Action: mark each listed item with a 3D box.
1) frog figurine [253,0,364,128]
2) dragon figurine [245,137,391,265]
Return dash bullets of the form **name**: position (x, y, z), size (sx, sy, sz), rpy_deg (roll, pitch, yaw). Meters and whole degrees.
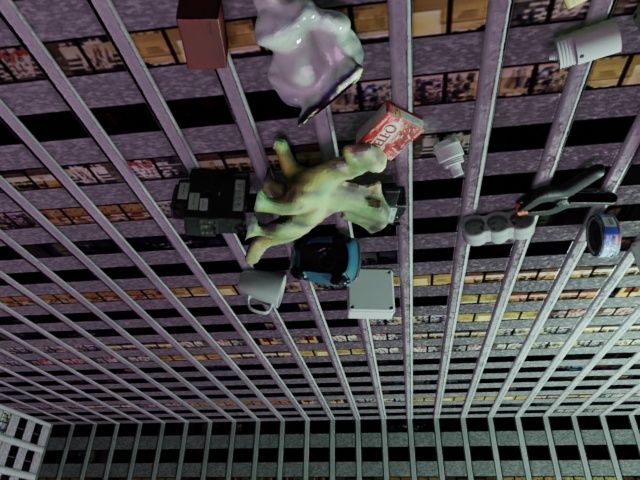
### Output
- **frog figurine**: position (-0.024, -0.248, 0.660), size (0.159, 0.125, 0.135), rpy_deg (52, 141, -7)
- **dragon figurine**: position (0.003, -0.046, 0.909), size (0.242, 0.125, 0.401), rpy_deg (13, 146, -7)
+ + +
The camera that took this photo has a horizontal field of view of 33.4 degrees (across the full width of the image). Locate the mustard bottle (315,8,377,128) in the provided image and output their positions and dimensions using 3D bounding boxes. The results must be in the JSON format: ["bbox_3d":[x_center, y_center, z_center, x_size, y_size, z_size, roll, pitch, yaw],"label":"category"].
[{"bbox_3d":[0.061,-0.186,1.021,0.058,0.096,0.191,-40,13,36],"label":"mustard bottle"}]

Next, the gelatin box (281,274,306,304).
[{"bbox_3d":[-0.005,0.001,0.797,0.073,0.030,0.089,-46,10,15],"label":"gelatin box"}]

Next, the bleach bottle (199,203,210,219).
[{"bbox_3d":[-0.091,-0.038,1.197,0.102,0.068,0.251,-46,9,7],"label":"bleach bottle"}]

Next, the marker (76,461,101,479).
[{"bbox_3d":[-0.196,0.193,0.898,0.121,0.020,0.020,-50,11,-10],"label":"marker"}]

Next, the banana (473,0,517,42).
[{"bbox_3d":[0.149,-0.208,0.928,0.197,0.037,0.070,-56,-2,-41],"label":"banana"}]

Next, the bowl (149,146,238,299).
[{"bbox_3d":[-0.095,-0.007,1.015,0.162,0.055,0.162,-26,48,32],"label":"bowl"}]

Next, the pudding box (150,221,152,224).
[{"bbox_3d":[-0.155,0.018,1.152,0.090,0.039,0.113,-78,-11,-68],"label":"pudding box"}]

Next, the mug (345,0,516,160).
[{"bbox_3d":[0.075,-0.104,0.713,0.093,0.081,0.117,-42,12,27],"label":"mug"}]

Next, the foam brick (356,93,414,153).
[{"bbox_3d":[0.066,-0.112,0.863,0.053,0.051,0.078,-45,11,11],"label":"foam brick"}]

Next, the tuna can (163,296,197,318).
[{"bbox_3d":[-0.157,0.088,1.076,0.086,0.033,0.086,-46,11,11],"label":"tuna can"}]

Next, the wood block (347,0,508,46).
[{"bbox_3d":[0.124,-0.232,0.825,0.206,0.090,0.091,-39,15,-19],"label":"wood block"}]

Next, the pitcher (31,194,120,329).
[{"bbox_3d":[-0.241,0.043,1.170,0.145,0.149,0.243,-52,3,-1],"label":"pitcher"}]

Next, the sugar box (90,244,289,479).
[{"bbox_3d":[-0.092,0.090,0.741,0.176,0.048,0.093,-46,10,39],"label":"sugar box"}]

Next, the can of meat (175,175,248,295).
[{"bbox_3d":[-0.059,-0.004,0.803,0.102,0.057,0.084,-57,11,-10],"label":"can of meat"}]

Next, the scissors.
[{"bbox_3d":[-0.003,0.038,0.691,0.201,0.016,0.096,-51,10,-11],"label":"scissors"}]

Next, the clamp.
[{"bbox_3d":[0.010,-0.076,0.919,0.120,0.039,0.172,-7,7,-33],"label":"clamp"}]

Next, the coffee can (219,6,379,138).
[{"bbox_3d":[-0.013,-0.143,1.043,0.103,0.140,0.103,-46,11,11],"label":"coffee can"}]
+ + +
Copy, exactly and only, the lines above that begin with the one containing "Action: mark each listed item with a 3D box." and finish with the one containing "Return dash bullets".

Action: mark each listed item with a 3D box.
1) frog figurine [253,0,364,128]
2) dragon figurine [245,137,391,265]
Return dash bullets of the form **name**: position (x, y, z), size (sx, sy, sz), rpy_deg (roll, pitch, yaw). Meters and whole degrees.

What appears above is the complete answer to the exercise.